I got none of that feeling--from the
temple. But I did get it from one of the visitors.
If you look at the Gallery, you'll see
a guy standing in front of the hondo praying. I didn't
mention him yesterday, but I met this guy on the way up to Number 32 (he
was coming down). "Gaijin!" he exclaimed, calling
me a foreigner. This in itself didn't trouble me; I am a
But then he regaled me with his
personal philosophy of life for about 20 minutes. I caught just
enough to know that that's what he was talking about, but I couldn't
tell you the details. Mind you, it was passing 4:30, temples close
at 5:00, and I had no idea how much further up the hill this temple was.
He was pretty aggressive: I'd say "excuse me" and he'd say
"yeah, yeah" and keep talking. Finally I interrupted him
to ask the time; "4:35" he said and kept talking.
"Excuse me," I blurted, "I have to go." And
off I went.
Now, seeing him the next morning
wouldn't have been such a big deal, except I was planning to walk from
this temple to the next. Knowing that he was a walking pilgrim, I
was trying to weasel my way out of having to walk with him.
Through a series of maneuvers, I was able to escape without even
speaking to him (though we had nodded hello). I checked my
backtrail a few times as I walked, but never saw him.
As I was leaving the next temple, he
was arriving, but I don't think he saw me. (I only saw him from a
distance.) Since I was heading out for a bus, I was pretty sure we
wouldn't be seeing each other again. And so far, we haven't.
[But keep reading these logs--he shows up again later!]

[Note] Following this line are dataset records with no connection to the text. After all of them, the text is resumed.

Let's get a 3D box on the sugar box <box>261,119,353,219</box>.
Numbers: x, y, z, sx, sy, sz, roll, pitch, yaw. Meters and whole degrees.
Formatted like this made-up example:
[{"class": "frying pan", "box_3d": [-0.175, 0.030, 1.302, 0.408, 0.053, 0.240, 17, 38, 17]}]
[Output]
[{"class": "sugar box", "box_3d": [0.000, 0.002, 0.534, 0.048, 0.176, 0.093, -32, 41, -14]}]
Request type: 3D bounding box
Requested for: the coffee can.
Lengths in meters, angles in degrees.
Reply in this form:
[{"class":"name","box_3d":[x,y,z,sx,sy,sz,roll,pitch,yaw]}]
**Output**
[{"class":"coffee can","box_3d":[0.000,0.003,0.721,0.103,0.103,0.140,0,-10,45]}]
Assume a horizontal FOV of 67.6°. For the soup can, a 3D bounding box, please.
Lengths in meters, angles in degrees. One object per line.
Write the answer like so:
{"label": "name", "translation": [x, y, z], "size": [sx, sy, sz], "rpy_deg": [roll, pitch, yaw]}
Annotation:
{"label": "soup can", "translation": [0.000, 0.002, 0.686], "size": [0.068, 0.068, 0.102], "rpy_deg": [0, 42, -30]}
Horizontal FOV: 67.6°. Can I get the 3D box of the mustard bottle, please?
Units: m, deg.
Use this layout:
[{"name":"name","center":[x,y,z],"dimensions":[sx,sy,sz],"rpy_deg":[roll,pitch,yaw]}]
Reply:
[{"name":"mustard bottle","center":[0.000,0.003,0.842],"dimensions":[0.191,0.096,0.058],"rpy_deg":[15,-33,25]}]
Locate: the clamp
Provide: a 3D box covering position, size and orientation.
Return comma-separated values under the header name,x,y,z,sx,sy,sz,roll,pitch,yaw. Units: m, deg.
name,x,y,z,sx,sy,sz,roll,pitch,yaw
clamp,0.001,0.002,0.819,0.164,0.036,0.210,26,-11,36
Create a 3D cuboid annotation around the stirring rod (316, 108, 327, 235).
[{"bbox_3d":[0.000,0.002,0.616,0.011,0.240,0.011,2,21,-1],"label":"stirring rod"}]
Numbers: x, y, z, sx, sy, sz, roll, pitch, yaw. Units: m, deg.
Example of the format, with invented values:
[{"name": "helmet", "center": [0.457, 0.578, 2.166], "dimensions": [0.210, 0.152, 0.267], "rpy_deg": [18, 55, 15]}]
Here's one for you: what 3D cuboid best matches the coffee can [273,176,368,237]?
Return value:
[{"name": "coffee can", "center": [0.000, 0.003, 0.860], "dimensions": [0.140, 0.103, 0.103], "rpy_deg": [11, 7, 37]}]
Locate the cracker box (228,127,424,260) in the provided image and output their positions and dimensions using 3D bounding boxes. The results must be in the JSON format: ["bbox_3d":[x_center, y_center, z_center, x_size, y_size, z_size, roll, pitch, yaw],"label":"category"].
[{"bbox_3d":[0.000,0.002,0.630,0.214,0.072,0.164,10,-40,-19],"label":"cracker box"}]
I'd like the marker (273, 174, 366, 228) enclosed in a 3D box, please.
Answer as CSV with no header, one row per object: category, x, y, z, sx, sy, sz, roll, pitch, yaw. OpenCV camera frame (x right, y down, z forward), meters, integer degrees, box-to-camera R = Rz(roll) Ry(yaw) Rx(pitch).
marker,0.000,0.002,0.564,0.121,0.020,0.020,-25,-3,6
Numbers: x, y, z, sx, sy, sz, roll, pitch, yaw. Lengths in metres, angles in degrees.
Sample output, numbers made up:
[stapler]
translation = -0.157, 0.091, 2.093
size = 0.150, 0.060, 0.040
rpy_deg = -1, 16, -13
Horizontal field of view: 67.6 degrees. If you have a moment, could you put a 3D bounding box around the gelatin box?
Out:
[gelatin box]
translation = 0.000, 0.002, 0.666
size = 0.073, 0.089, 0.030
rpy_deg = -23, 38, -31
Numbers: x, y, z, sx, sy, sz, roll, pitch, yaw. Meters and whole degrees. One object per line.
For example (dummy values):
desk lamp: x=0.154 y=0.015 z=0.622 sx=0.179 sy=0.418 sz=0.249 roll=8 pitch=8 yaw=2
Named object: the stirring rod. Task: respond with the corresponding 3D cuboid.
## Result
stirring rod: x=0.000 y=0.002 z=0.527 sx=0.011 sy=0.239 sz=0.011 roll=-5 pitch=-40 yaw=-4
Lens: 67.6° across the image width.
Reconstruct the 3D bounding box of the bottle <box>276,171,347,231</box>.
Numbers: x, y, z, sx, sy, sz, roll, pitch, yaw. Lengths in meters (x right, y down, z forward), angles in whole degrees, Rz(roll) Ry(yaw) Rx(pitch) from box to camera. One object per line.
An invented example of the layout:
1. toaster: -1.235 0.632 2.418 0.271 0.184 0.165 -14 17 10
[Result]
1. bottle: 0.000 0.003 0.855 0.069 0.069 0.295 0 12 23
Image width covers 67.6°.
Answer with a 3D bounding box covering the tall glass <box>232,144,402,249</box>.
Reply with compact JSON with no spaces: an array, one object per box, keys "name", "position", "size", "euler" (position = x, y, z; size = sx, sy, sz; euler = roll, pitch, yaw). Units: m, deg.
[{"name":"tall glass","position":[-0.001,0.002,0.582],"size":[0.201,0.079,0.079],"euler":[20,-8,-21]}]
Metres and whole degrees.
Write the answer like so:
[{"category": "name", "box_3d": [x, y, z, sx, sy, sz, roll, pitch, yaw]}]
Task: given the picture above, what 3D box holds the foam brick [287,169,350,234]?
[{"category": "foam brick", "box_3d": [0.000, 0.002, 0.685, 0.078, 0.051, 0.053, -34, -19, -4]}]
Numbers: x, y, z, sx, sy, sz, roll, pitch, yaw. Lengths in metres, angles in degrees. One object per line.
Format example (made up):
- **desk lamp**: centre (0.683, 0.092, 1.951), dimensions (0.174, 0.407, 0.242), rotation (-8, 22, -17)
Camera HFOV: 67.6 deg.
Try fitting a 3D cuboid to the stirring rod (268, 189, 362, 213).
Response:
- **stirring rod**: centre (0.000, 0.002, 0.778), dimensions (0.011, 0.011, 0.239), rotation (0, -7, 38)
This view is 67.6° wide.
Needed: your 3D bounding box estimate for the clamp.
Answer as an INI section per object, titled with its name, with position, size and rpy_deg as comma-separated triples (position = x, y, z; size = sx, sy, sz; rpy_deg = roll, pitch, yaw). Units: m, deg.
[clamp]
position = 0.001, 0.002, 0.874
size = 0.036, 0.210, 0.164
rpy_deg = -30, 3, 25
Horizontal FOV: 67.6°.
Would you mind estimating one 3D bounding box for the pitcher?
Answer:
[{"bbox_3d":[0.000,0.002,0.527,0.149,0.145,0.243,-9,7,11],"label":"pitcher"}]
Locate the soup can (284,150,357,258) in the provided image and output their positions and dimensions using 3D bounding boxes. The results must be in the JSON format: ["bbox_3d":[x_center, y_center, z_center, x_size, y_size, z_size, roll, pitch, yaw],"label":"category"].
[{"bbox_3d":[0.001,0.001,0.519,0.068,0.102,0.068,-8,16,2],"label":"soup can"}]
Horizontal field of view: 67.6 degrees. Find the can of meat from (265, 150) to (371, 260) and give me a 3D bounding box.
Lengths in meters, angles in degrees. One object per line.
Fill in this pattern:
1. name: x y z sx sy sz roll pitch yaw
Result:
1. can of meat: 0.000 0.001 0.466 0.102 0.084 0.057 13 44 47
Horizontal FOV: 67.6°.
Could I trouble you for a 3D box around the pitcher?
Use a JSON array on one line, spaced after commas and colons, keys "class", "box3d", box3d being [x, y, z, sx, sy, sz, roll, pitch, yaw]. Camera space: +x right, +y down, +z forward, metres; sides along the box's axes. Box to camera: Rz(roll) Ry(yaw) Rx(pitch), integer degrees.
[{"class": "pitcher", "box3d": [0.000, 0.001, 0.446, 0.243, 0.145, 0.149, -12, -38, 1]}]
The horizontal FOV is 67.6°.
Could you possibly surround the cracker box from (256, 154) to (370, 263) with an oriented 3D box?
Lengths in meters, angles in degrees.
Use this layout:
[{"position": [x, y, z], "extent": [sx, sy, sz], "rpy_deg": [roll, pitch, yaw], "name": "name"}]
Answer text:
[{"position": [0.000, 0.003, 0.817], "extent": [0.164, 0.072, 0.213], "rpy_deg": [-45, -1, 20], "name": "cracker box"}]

Do I feel guilty for ducking this guy?
Not in the least. In fact, if we had been leaving at the
same time, I would have told him pointblank that I would prefer--for
purposes of my spiritual discipline--to walk alone (and in silence!).
I can honestly say that in nearly two weeks on Shikoku this is the first
unpleasant encounter I've had (and he was from Chiba!).
So that's the story of my
haunting at Number 33.
Ed was right this time: bus connections
from Number 33 to Number 34 are few and far between. I had already
planned on walking the six kilometers to Number 34--and I did. It
wasn't a bad walk, except for that feeling that I was being chased!
|Temple #34: Tanemaji (The Temple of
Honzon: Yakushi Nyorai (Baisajya-guru)
This is a pretty little temple.
As Oliver Statler described it, it is "built on a fill thrust like
a wharf into the paddy fields." This new building
illustrates this idea nicely.
The name of this temple refers to the
legend that the Daishi brought back five kinds of seeds (tane)
from China, and planted them here. This association with growth
and fertility has led to the temple's primary mission: safe birth.
(I prayed special prayers today for several friends who are
expecting--or hope to be.)
These two pictures illustrate an
interesting practice. When a woman becomes pregnant, she brings
(or buys here) a ladle. The priest knocks the bottom out of
the ladle, places it on the altar, and prays over it over "two
nights and a day," according to Statler. The woman then takes
it home and puts it in the tokonoma, the alcove that functions
like a sort of domestic altar in the home.
After the safe birth, she brings it
back to the temple, and it's hung in this building around Yakushi
Nyorai, also this temple's honzon and the "Doctor"
of the Buddhas.
Do you get the significance of the
bottomless ladle? Just as water comes out of it easily, it is
hoped the child will come out of its mother easily. This is a kind
of "sympathetic magic," where the ladle stands in for the
mother in the ceremony. (Is it possible that in times past it was
the mother who stayed in the temple for two nights and a day?)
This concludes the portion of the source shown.